A fundação não fica isenta das exigências da legislação. Muitos profissionais da área da cultura querem fazer tudo sem "burocracia", mas isso é inviável. Dentro dos limites legais, no entanto, é possível realizar uma administração voltada para o uso racional dos recursos públicos.
Ainda que a fundação possa obter recursos de suas próprias atividades, é muito difícil conseguir sua auto-suficiência econômica. Entretanto, os esforços para reduzir a dependência das atividades da fundação dos cofres municipais devem sempre ser priorizados.
EXPERIÊNCIAS
O exemplo mais conhecido de fundação cultural de municípios brasileiros é o de Salvador-BA (2.072 mil hab.), onde a Fundação Gregório de Matos, com status de secretaria municipal, tem forte presença na vida cultural da cidade.
S. José dos Campos-SP (442 mil hab.) tem uma fundação pioneira, operando desde a década de 60. Além de administrar dois teatros municipais, a Fundação Cassiano Ricardo possui atividades importantes de formação artística e de produção e divulgação cultural na periferia da cidade.
Curitiba-PR (1.313 mil hab.) possui uma fundação cultural que realiza desde atividades com artistas internacionais até oficinas de formação artística nos bairros. Opera diversos equipamentos culturais como cinemas, bibliotecas e pinacoteca. Participa, também de programas de outras áreas da prefeitura, como o de coleta seletiva do lixo.
Juiz de Fora-MG (386 mil hab.) possui a Fundação Cultural Alfredo Ferreira Lage, que atua na promoção e divulgação de eventos culturais locais, nacionais e internacionais, operando equipamentos como bibliotecas, videoteca e teatros.
Em 1993, iniciou-se uma das mais recentes experiências. Jacareí-SP (164 mil hab.) implantou sua fundação cultural, constituindo uma entidade bastante "enxuta", que opera nas áreas de patrimônio histórico, formação e promoção de eventos.
RESULTADOS
A principal vantagem da implantação de uma fundação cultural é a possibilidade de executar a política cultural com mais agilidade do que utilizando a infra-estrutura administrativa da prefeitura.
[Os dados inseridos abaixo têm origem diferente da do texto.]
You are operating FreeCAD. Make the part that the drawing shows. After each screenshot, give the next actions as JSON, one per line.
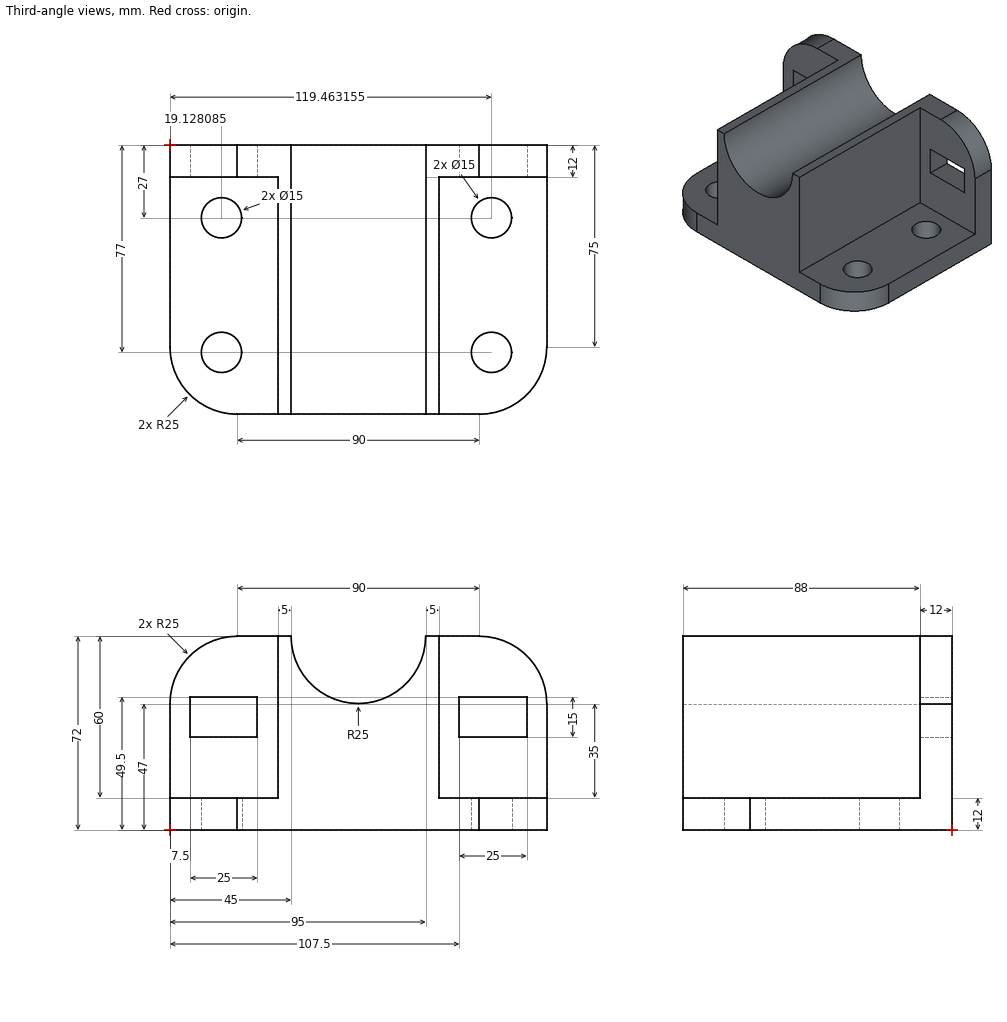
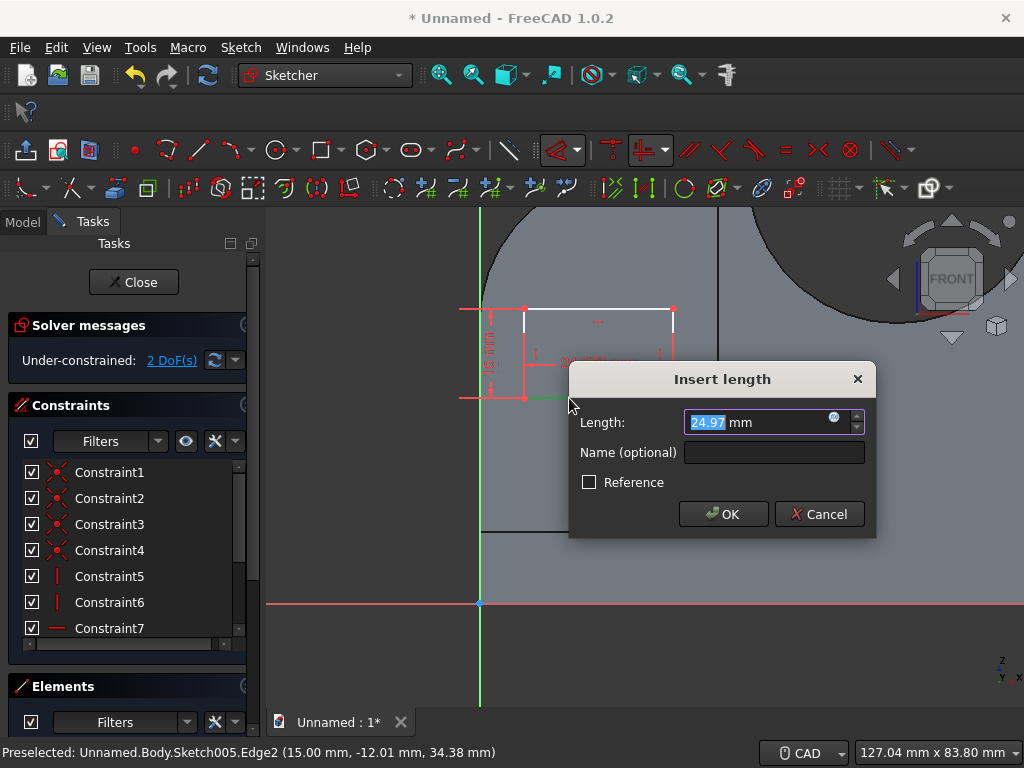
{"action": "type", "text": "25"}
{"action": "key", "text": "Return"}
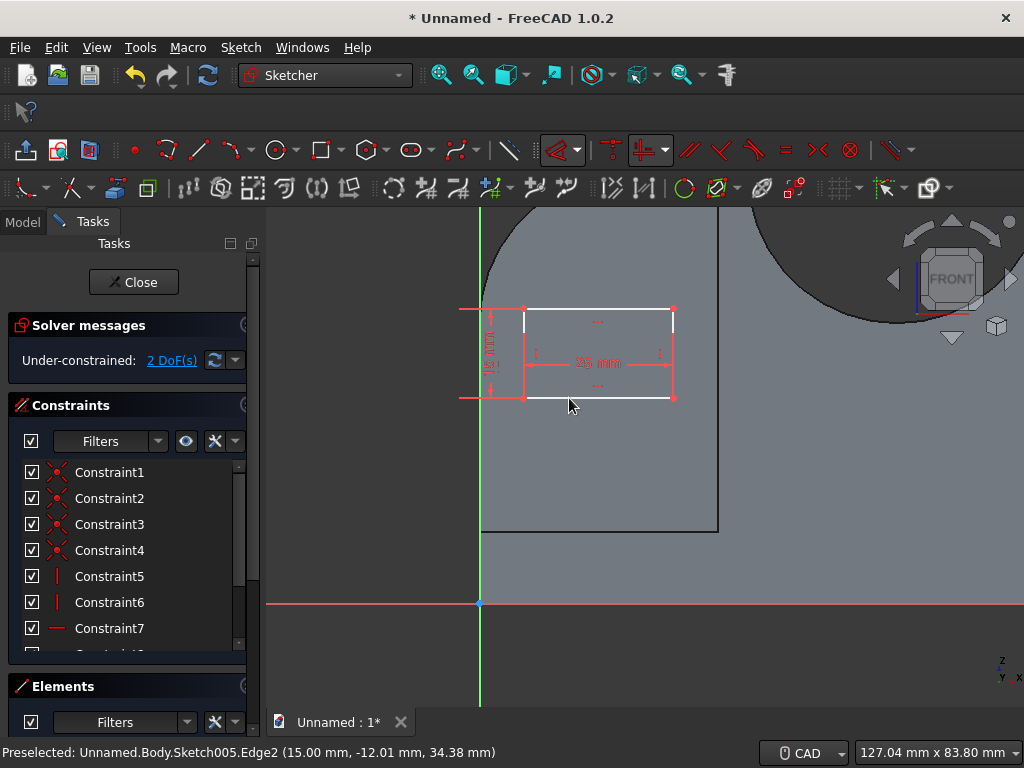
{"action": "left_click", "coordinate": [524, 309]}

Este benefício, entretanto, só se mantém se a autonomia administrativa da fundação não gerar uma superestrutura tão pesada quanto a prefeitura.
Nenhuma fundação trará resultados positivos se for transformada em um organismo de grande porte. O segredo de seu sucesso irá residir, exatamente, na capacidade da administração municipal em mantê-la funcionando com número pequeno de funcionários. A fundação cultural tende a se apresentar com maior visibilidade junto à população. É mais fácil conseguir apoio da sociedade para os projetos culturais do governo municipal, pois a fundação fica diferenciada da prefeitura e assume uma identidade própria, mais próxima à sociedade. Se existirem mecanismos democráticos de gestão da política cultural e da fundação, esse benefício se vê multiplicado e pode, inclusive, contribuir para que projetos de grande impacto na sociedade não sejam interrompidos nas mudanças de governo.
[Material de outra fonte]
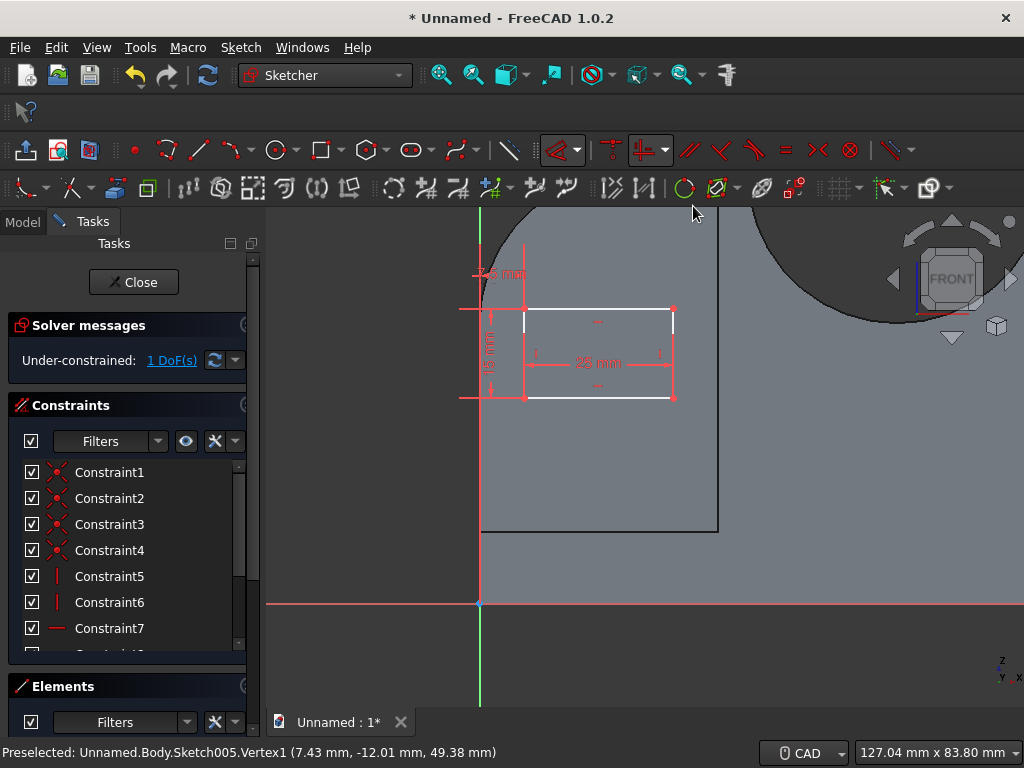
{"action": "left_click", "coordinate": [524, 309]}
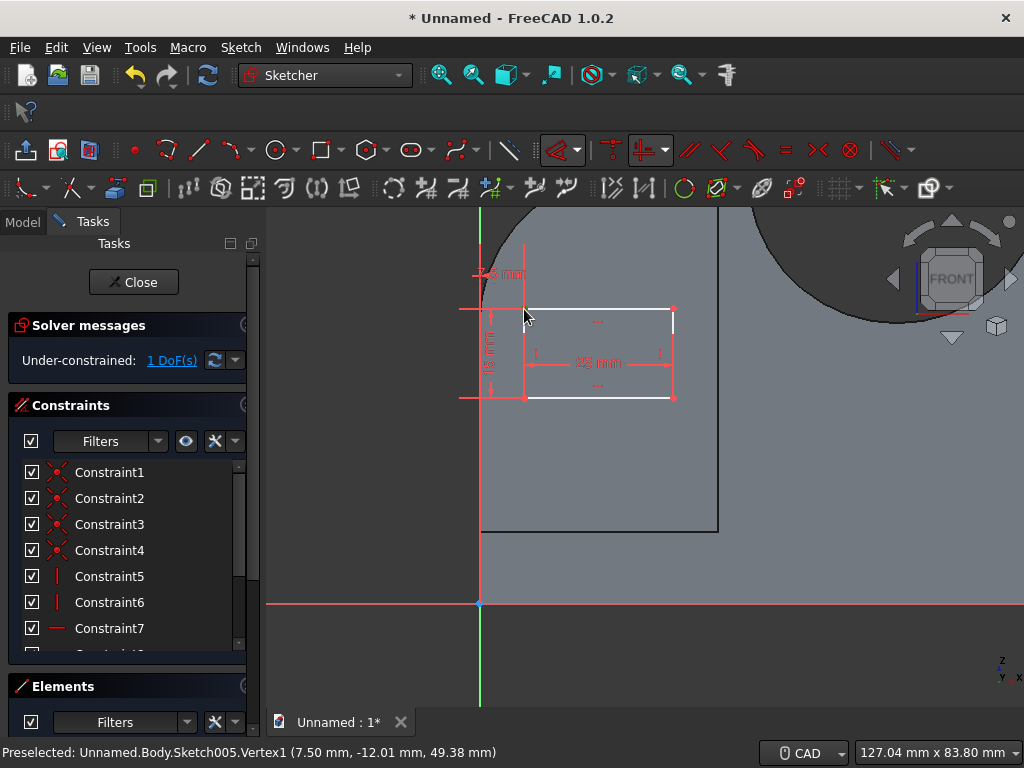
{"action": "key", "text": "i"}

Na fundação, os funcionários administrativos podem se especializar nas necessidades e especificidades da área de cultura. Esta vantagem é mais expressiva na compra de bens e serviços e organização de eventos, onde normalmente as áreas de cultura localizadas na administração direta encontram mais dificuldades.
A fundação pode obter outras rendas, além dos recursos do orçamento municipal, através da cobrança de ingressos, concessão de exploração comercial de espaços de suas instalações, doações, parcerias com a iniciativa privada e venda de publicações, cartões ou outros produtos. Essas receitas adicionais podem ser integralmente aplicadas nas atividades da entidade.
* Publicado originalmente como DICAS nº 18 em 1994
Dicas, é um boletim voltado para dirigentes municipais (prefeitos, secretários, vereadores) e lideranças sociais. Os textos buscam oferecer informações sobre técnicas e práticas de gestão que contribuam para o avanço da democracia, otimização da aplicação e uso dos recursos públicos, promoção da cidadania e melhoria da qualidade de vida.